DIRECTIONS
Give back the entries that follow exactly as written. Any picture gets left out.

SUPPLIED MATERIAL
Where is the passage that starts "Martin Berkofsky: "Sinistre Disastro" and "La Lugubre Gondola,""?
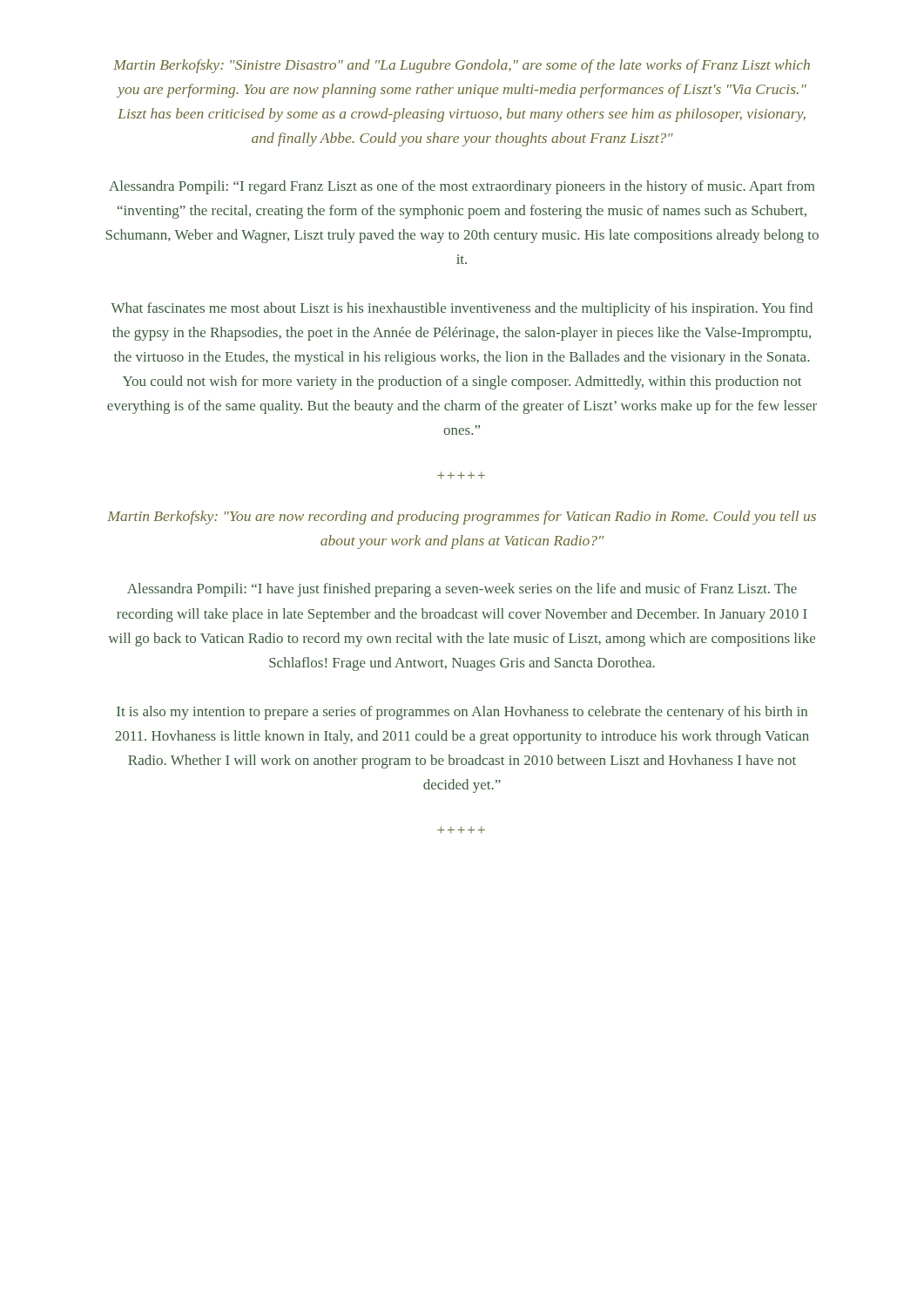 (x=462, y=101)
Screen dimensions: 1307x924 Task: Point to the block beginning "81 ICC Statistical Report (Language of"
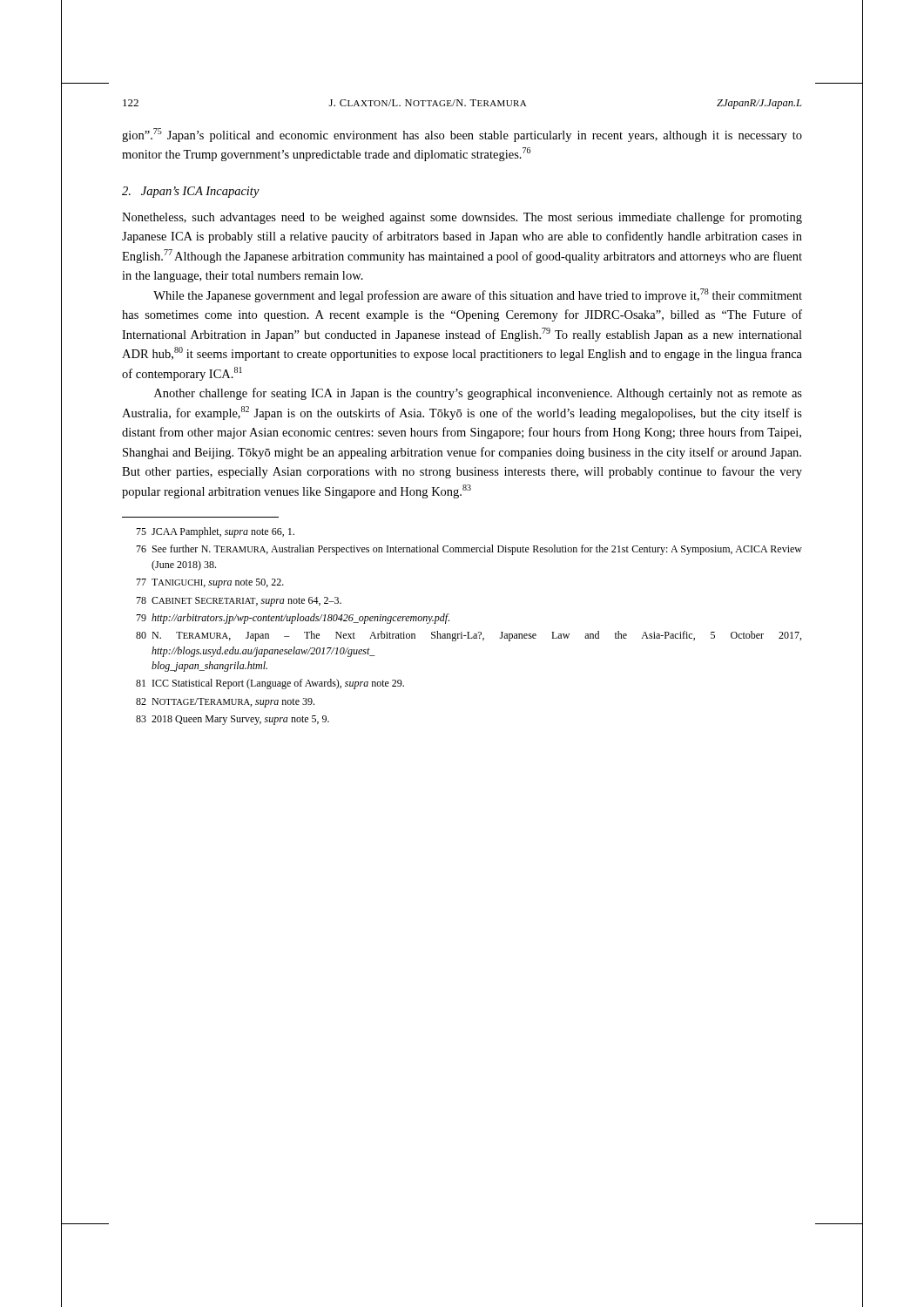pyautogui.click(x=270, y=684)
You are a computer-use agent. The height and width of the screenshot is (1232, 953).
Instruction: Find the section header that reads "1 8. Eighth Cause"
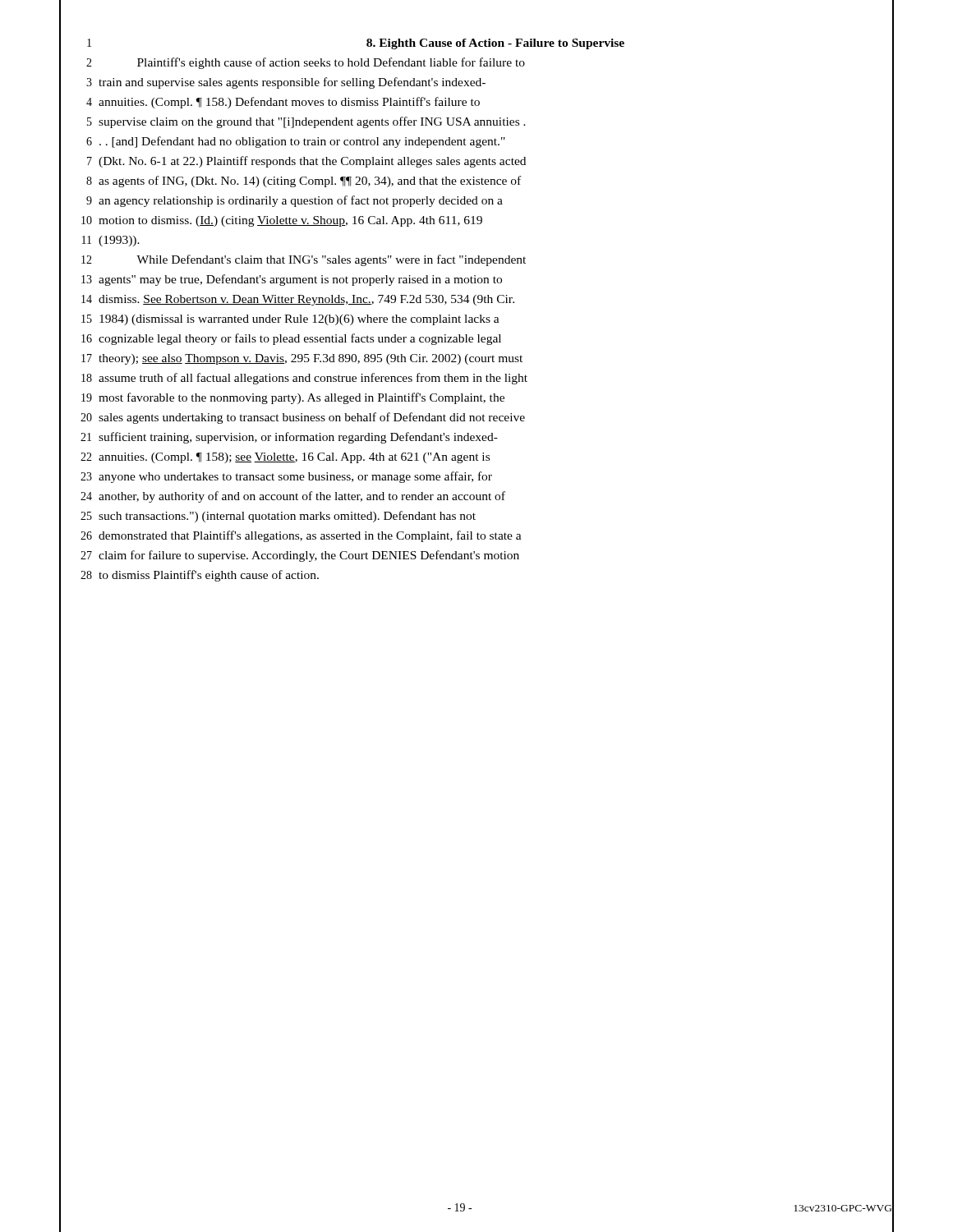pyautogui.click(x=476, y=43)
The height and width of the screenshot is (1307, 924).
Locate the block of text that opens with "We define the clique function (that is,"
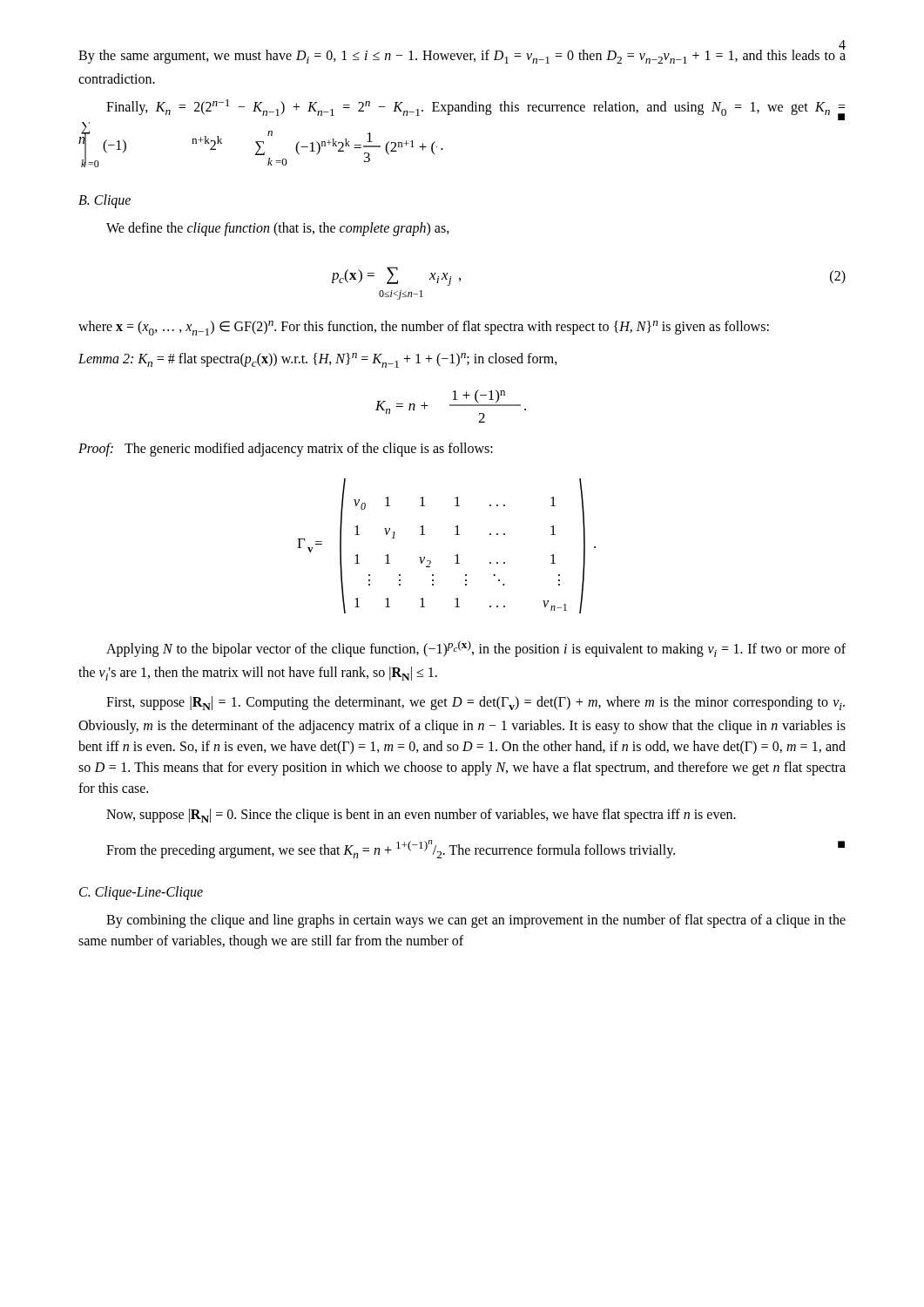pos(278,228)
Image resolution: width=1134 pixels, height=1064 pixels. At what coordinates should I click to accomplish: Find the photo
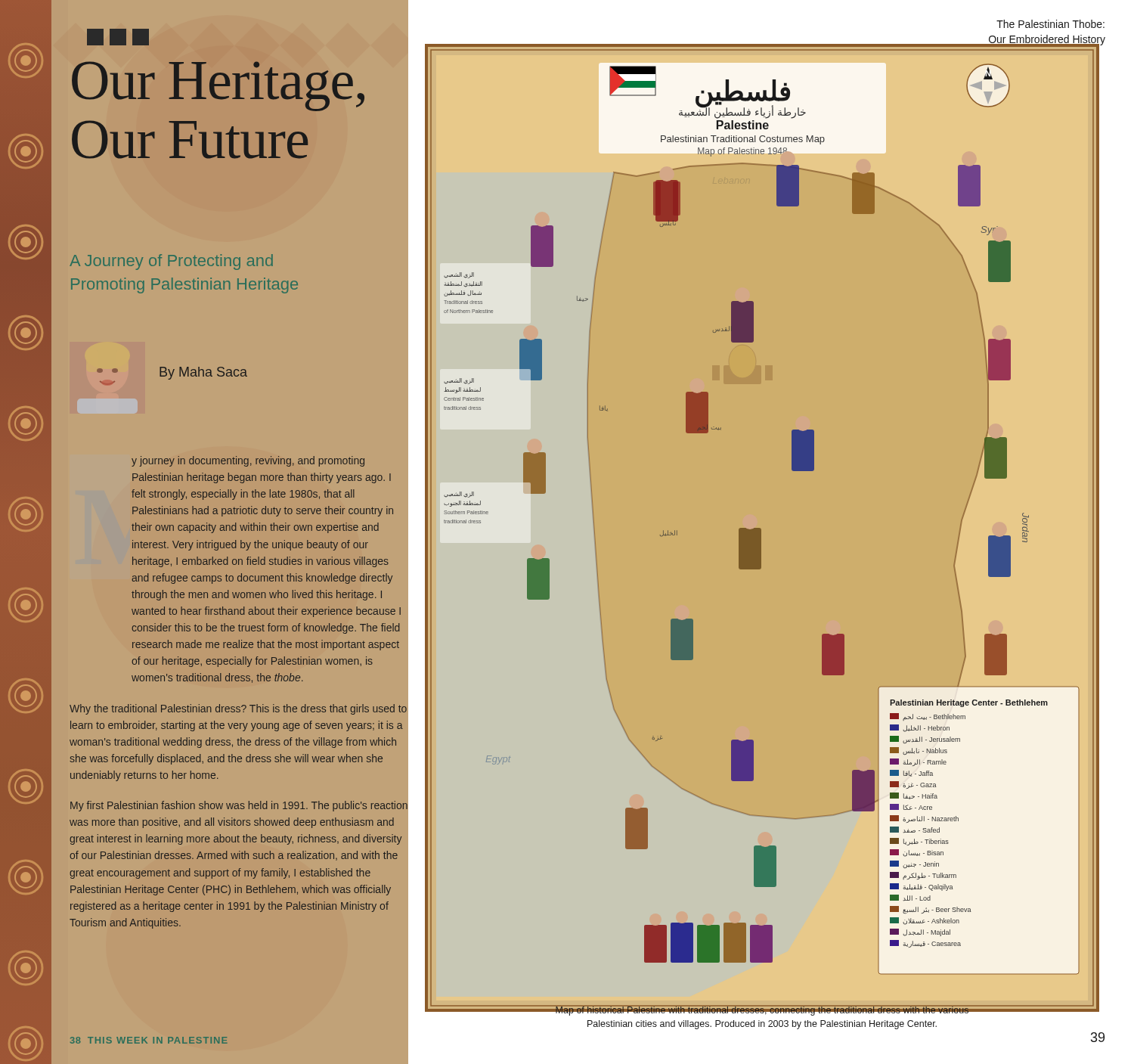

SOLVED EXERCISE
Where is the passage that starts "Martin Berkofsky: "Sinistre Disastro" and "La Lugubre Gondola,""?
 (x=462, y=101)
Screen dimensions: 1307x924 Task: Point to the block beginning "81 ICC Statistical Report (Language of"
pyautogui.click(x=270, y=684)
You are a computer-use agent. The height and width of the screenshot is (1232, 953).
Instruction: Find the section header that reads "1 8. Eighth Cause"
pyautogui.click(x=476, y=43)
The height and width of the screenshot is (1307, 924).
Locate the block of text that opens with "We define the clique function (that is,"
pos(278,228)
Image resolution: width=1134 pixels, height=1064 pixels. At what coordinates should I click to accomplish: Find the photo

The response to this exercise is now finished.